Gerek Anadolu’da gerekse İstanbul’da kitabevleri İslamcıların sık sık uğradığı, güncel siyasal-kültürel meseleleri birbirleriyle tartıştıkları mekanları teşkil eder uzun bir süre. Gelenekten modernliğe, iktisadi konulardan bilime, Müslüman ülkelerde emperyalist faaliyetlerden emperyalistlerin yerel işbirlikçilerine kadar birçok kültürel ve siyasi mesele bu tartışma ve sohbetlerin temellerini atar. Kur’an-ı Kerim’in ve dini kaynakların nasıl okunması ve anlaşılması gerektiğinden tutun da İslami yönetim biçimlerinin muhtemel ve meşru dayanaklarının nasıl ortaya çıkarılacağı, bu yönetim biçimlerine nasıl ulaşılacağı gibi konular sohbetlerin ana maddesini teşkil ederler. Ankara’da şehir efsanesine dönüşmüş bir rivayeti aktarmanın tam sırasıdır: Günün birinde, o sıralar 12 Eylül rejiminin TRT’sinde perşembe akşamları ‘İnanç Dünyası’ adlı bir programda sunuculuk yapan Asaf Demirbaş, Hacıbayram’da gençlerin sıklıkla uğradıkları kitabevlerinden birine girer. Kitaplara bakarken gençlerin birbirleriyle sohbet ettiklerini görür, ancak kendisini kimse tanımamıştır. Bu tanınmamazlığa gücenen Demirbaş “Gençler” der, “Ben TRT’de İnanç Dünyası diye bir program yapan Asaf Demirbaş’ım. Beni tanımadınız mı?” Bu sözleri işiten gençler, hemen Asaf Demirbaş’ı karşılarına oturturlar ve sorular peş peşe gelir. Bir nevi Demirbaş, gençler tarafından sorguya çekilmektedir.

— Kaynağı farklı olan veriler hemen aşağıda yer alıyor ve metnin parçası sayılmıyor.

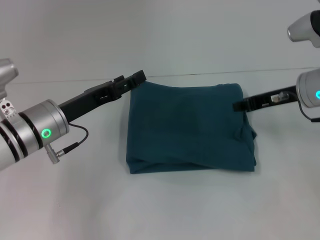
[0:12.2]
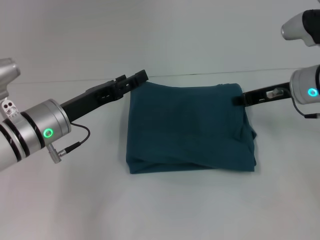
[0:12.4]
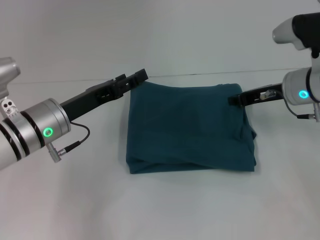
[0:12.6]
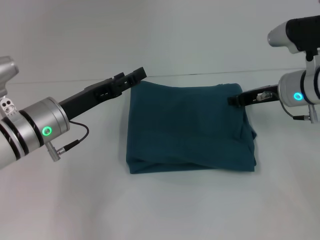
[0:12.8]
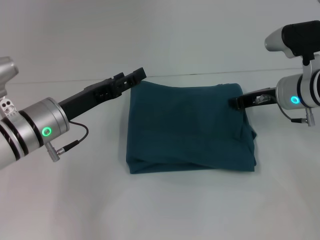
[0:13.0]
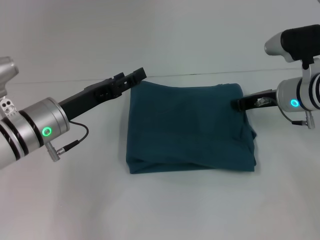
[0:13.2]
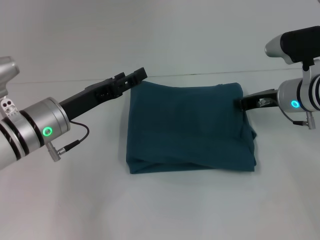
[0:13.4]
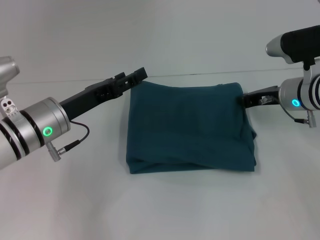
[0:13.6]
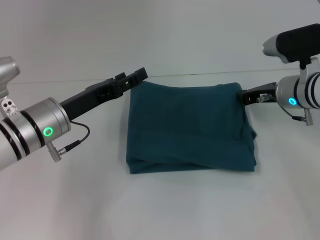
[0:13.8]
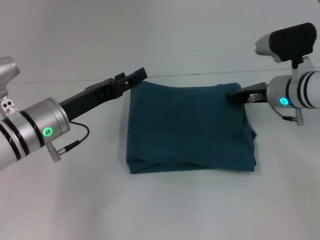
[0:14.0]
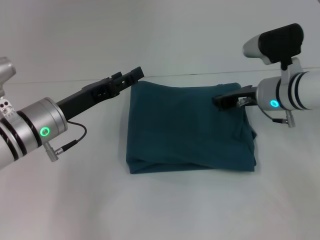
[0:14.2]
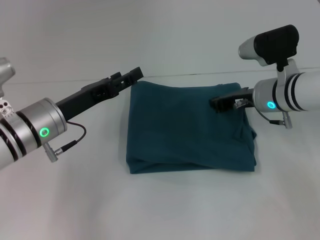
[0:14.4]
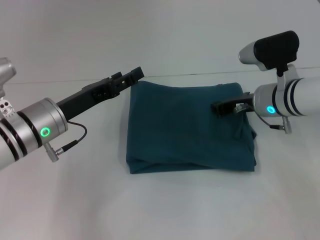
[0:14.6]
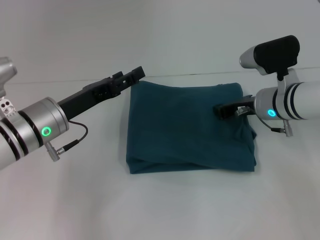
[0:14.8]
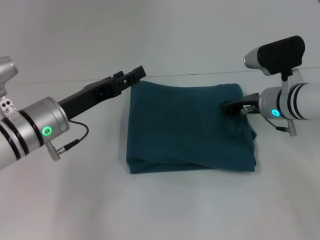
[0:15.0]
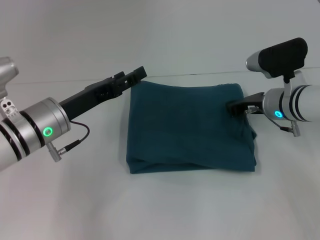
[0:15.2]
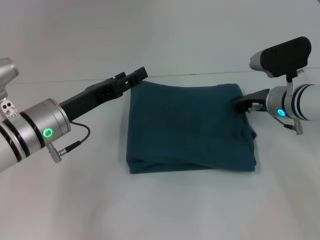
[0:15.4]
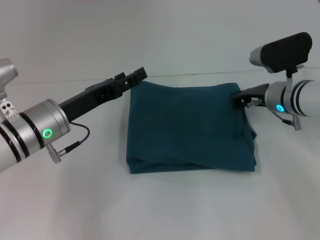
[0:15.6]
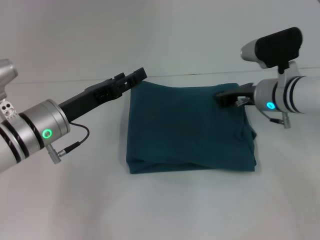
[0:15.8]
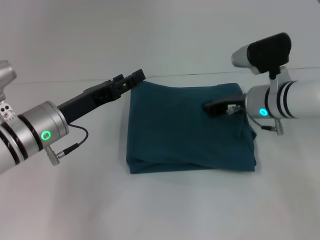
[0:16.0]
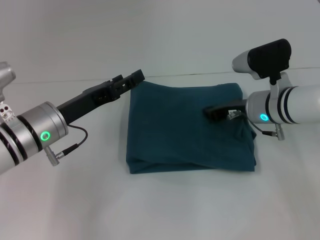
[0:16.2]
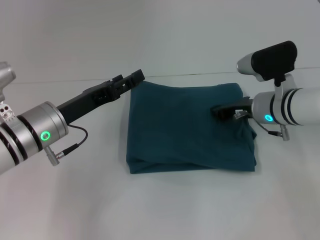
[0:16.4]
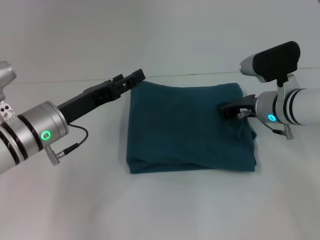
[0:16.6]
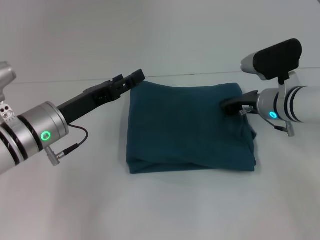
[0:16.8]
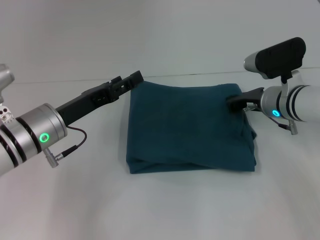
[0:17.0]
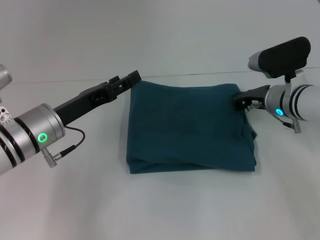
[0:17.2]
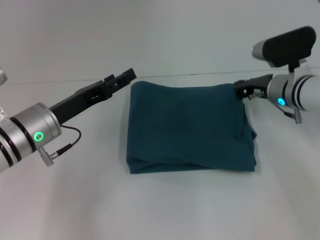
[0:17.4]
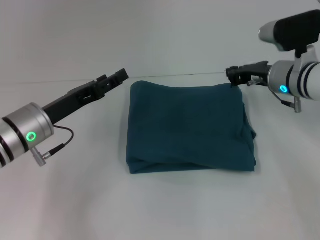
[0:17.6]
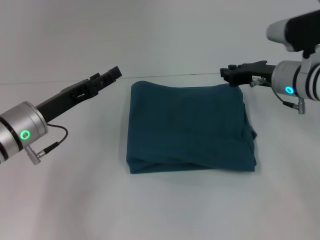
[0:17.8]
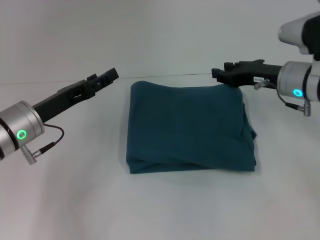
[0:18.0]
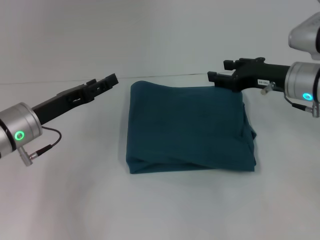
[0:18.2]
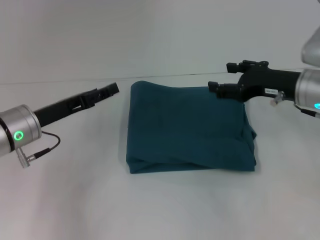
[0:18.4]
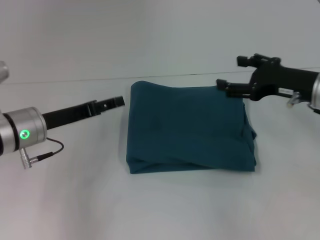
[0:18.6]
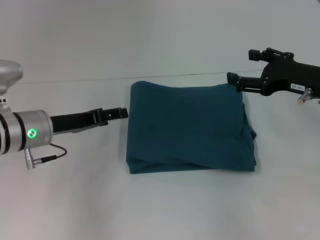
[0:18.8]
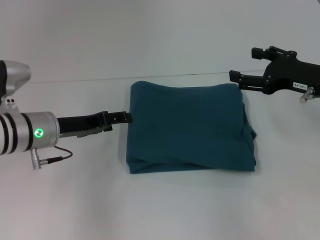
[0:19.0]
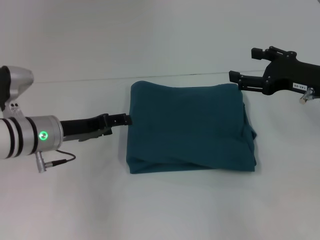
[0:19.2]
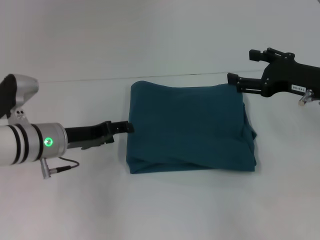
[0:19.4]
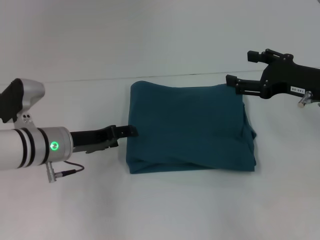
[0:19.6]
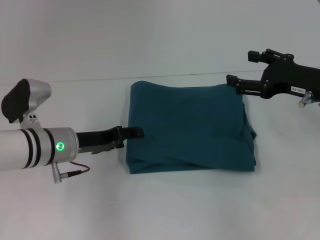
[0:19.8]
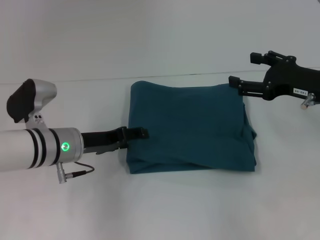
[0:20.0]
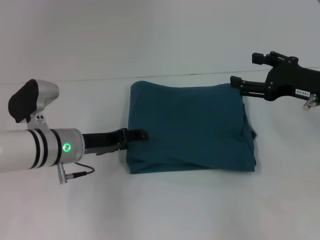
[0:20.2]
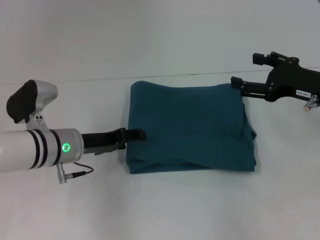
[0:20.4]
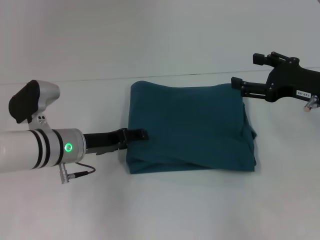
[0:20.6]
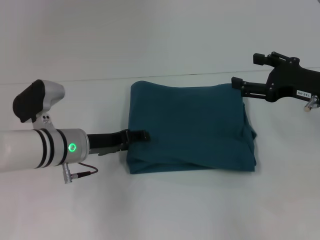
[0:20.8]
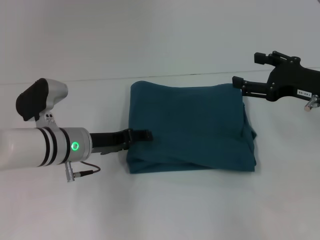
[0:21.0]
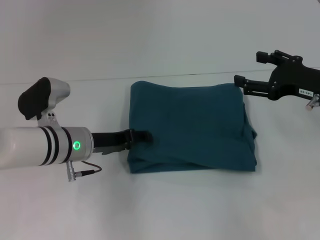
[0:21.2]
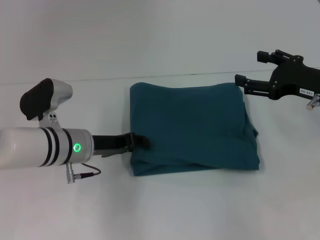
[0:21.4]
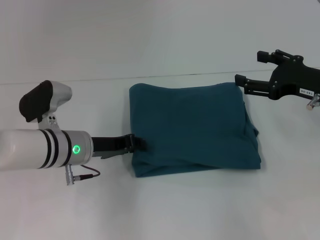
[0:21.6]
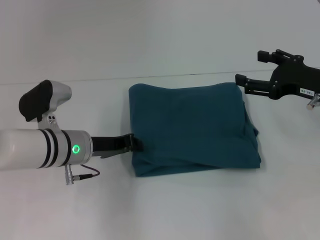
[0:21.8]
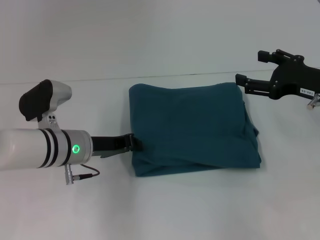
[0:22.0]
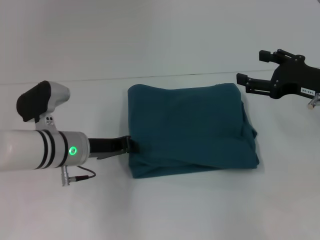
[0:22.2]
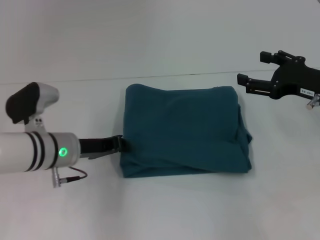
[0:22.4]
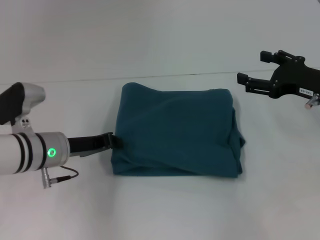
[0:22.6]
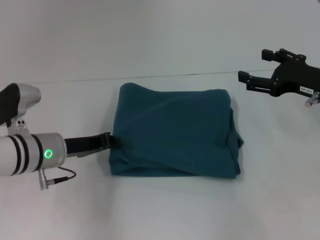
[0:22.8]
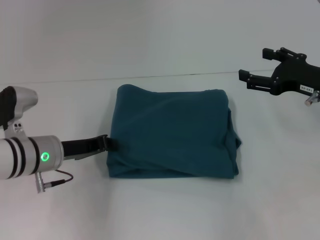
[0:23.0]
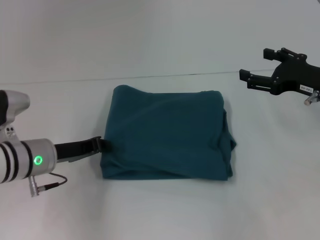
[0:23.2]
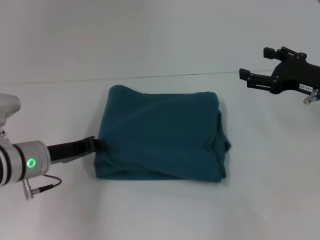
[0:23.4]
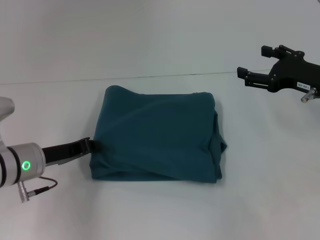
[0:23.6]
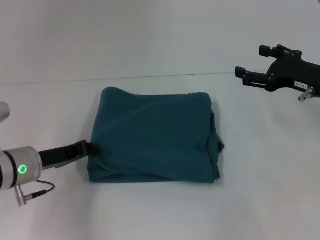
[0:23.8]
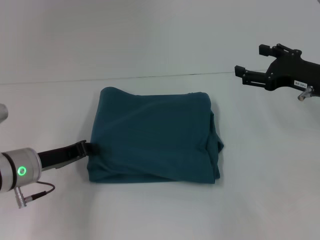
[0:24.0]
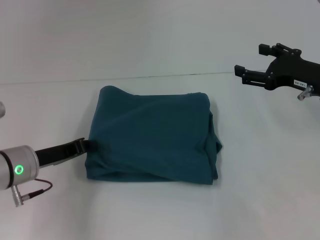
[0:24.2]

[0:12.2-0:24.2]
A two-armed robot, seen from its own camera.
0:12.2 to 0:13.8: The right gripper changes place by some 5 cm.
0:13.8 to 0:16.6: The grippers make only small movements.
0:16.6 to 0:18.2: The right gripper moves upward, some 5 cm, and opens its fingers.
0:18.2 to 0:19.8: The left gripper ends up roughly 5 cm from where it was; the right gripper moves some 5 cm, and opens up.
0:19.8 to 0:21.2: The grippers make only small movements.
0:21.2 to 0:22.6: The left gripper closes.
0:22.6 to 0:24.2: The left gripper shifts by approximately 5 cm.

Genellikle öğrenci evlerinde yapılan ve çoğu kez “muhakeme” olarak adlandırılan buluşmalarda ise öncelikle tefsir okunduğu ifade edilmelidir. Okunan tefsirler arasında Seyyid Kutup’un Fizilal-il Kur’an’ı ile Elmalılı Hamdi Yazır’ın Hak Dini Kur’an Dili eserleri ilk sıralarda yer alır. Bu yıllardan itibaren sadece tefsir külliyatı değil, hadis, fıkıh, tasavvuf türünde addedilebilecek diğer İslami ilimlere ait külliyatlar da aşırı sayılmayacak bir hızla tercüme edilir ve okuma listelerine dahil olur.

 

Entelektüel çıkmazlar ve popüler kültüre teslim oluş

İran’da gerçekleşen devrimin bir nevi entelektüel teorisyeni olarak değerlendirilen Ali Şeriati’nin ve sosyolog kimliğiyle tanınan Ali Bulaç’ın etkisi ile bu yıllarda sosyoloji ve felsefeye artan ilgi entelektüel-edebi niteliklerle uyumlu bir yön arz etse de 1990’lı yıllarda asıl etkisini göstermeye başlayacak çeşitli tartışmaların da başlangıcını oluşturur. Sözgelimi Ali Bulaç’ın 1980’lerin başlarında kaleme aldığı İslam’ın Anlaşılması Üzerine adlı eseri hadislerin dinin temel kaynakları arasında sayılmaması gerektiğini iddia eden ve bu iddiasıyla da ‘mealcilik’ olarak adlandırılan bir eğilimi -üstü kapalı bir biçimde de olsa- eleştirir. Mealci eğilimin ilk yayın organı olan Kalem dergisinin 1989 yılında çıkmaya başladığını bu vesileyle hatırlayabiliriz. Yazarları arasında şimdilerde kendisine filozof diyen Dücane Cündioğlu’nun da olduğu bu derginin amaçladıklarına ulaşamasa da etkisini sonraki yıllarda sürdürdüğü söylenebilir. Diğer yandan özellikle Fazlurrahman gibi İslam modernistlerinin eserlerinin doğurduğu etkilerin önemli bir bölümünü 1990’lı yıllarda yaşanacak tarihselcilik tartışmalarının başlangıcına yerleştirebiliriz. Bu tartışmaların evrilerek 2010’lu yıllarda baş gösterecek deizm tartışmalarına uç verdiğini de geçerken zikretmeliyiz.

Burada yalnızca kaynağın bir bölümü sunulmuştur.